Users who employ an FDR feed will be able to send compressed and batched data on a scheduled basis to an S3 bucket, then notified using an SQS queue. Batch sizes can vary, and batch data more than 7 days old is automatically deleted from S3 buckets provided by CrowdStrike (customer-owned buckets aren't subject to this retention period). This means that the data a user might store is dependent on these factors and the retention period.

For more information, see the documentation here: Ingesting FDR Data into a Repository

Parsing Data

Logs that are sent to LogScale for ingestion must be parsed before being stored in a repository, which is achieved with the use of parsers. Parsers enrich the incoming data, and are composed of both a script and parser settings- the script is written in CrowdStrike Query Language (CQL), and defines the transformation requirements for incoming events in order for them to become either a searchable event or a more searchable event.

Parser settings are intended to configure and adjust certain actions, like assigning events to a particular datasource (Event Tags) or removing certain fields to optimize operational costs. When data is parsed, it is put on a Kafka ingest queue and an acknowledgement is returned in the response to a client.

Parsers take data and extract fields that are then stored along with the original text. Data can be structured or unstructured, and users must specify what parser is to be used and in which repository the data is to be stored.

Parser Types

There are three options for a parser:

  • Pre-built parsers

  • Built-in parsers

  • Custom parsers

Pre-built Parsers

A number of built-in parsers exist that are built-in to LogScale and automatically available, these include parsers for syslog, key-value and JSON formats. For ingesting third-party data, LogScale supports a number of packages that include parsers, dashboards, and corresponding widgets and alerts.

These packages provide integration with 3rd-party systems and enable you to ingest and parse data without having to write a custom parser. Those parsers normalize ingested data to the CrowdStrike Parsing Standard (CPS, or more commonly referred to as Pa-Sta), a common set of fields that allows for data from different third-party systems such as firewalls or security systems to be normalized so that they can be queried in a consistent and common form. These packages and their respective parsers can be found in LogScale's Package Marketplace, where the available options are organized first by vendor, then by application or platform. These packages and their parsers have been built by CrowdStrike to reliably ingest data into LogScale for quick and easy processing.

If the standard parsers or integrated parsers do not support the data that is being ingested, a custom parser be written.
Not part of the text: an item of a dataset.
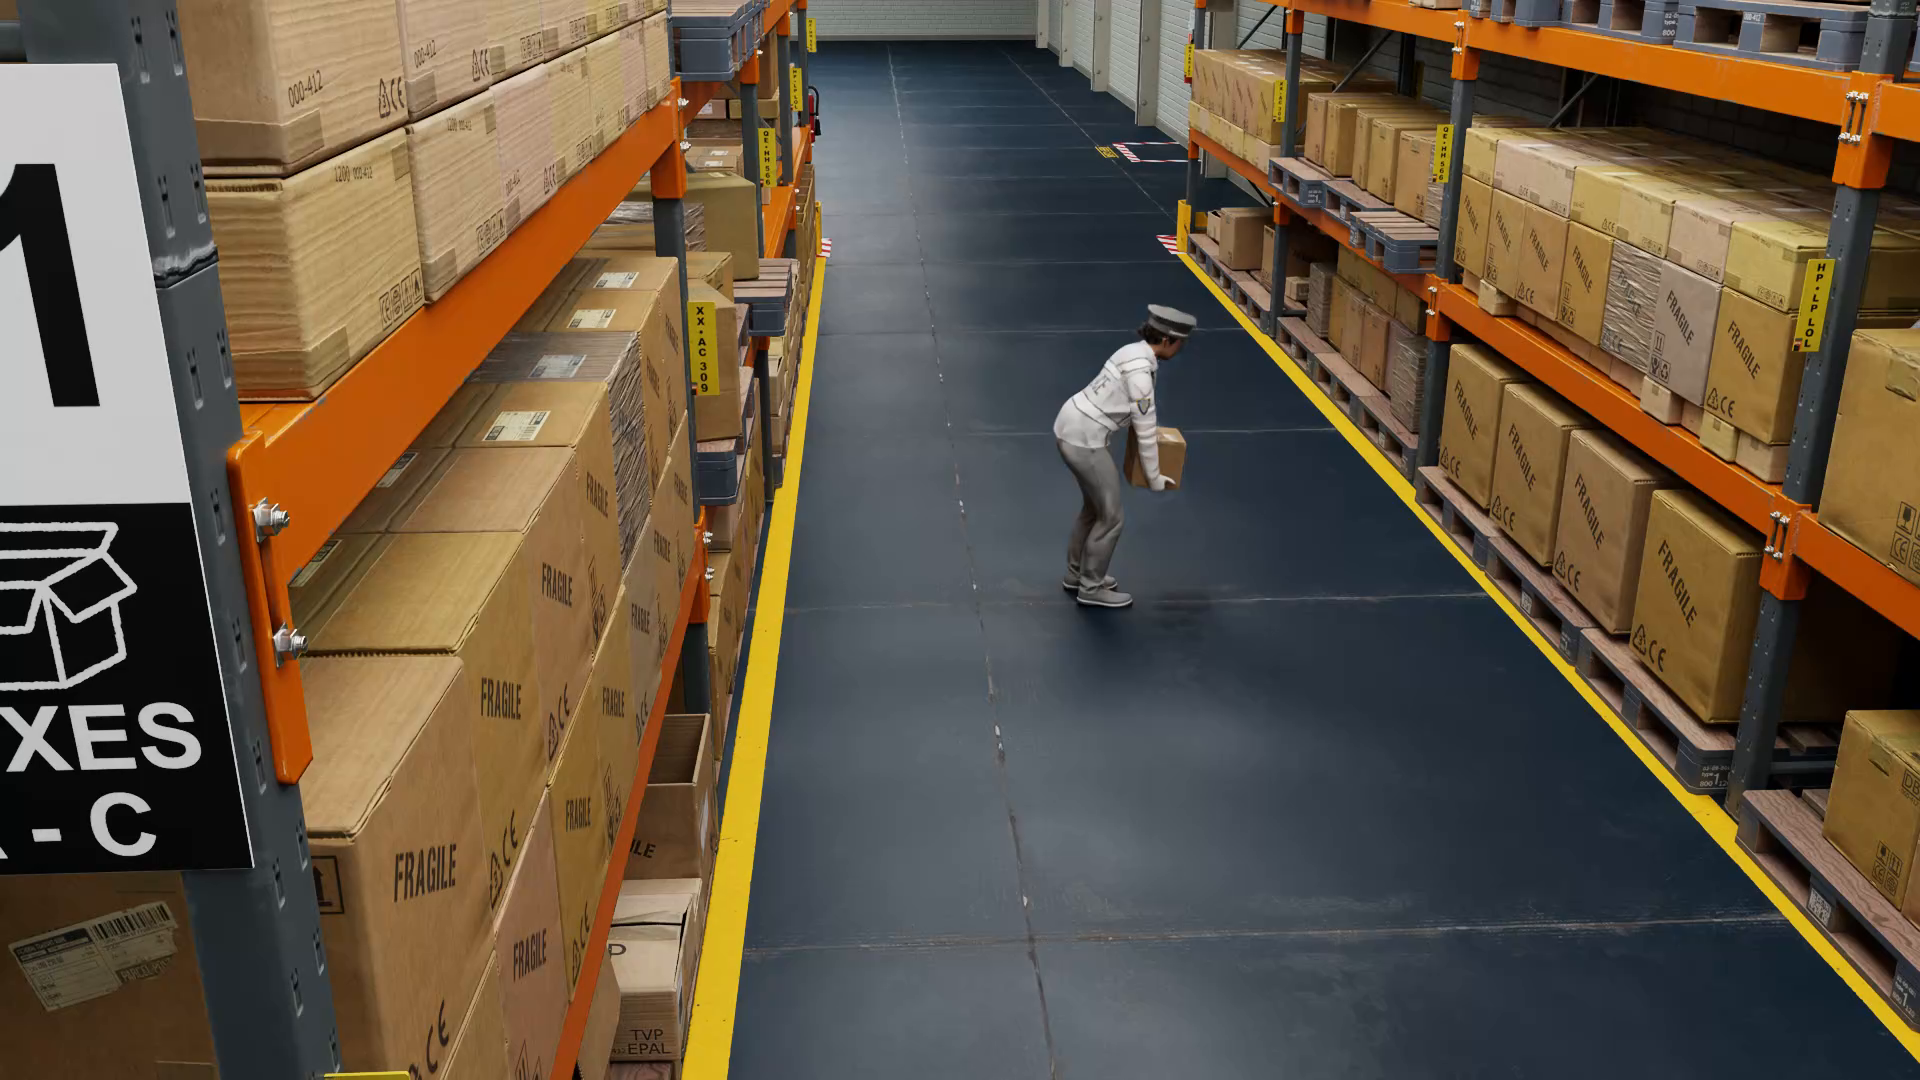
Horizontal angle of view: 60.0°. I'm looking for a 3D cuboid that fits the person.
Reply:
[{"bbox_3d":[0.818,-0.423,8.411,0.695,1.530,0.406,-2,21,-4],"label":"person"}]

This uses the CrowdStrike Query Language, the same as used for writing queries, and can be extracted and manipulated to format the data as it is ingested.

For more information, see the documentation here: Pre-built Parser from the Marketplace Package Marketplace

Built-in Parsers

Built-in parsers are provided by LogScale to parse common log formats, especially widely-used formats like accesslog, which is used for web servers like Apache and Nginx. Each parser is available via the UI- to access them, visit Repository > Parsers. To see how they might work, test data can be used to show the result of a user's selection. Note that it is important to check the supported regular expression and timestamp formats to ensure best results.

Built-in parsers are also a great place to start before considering creating a custom parser. Many built-in parsers will support the required need, and if not, they can also provide guidance and context when creating a new parser- users can copy and/or clone an existing parser, then update it with customizations to meet their specific needs.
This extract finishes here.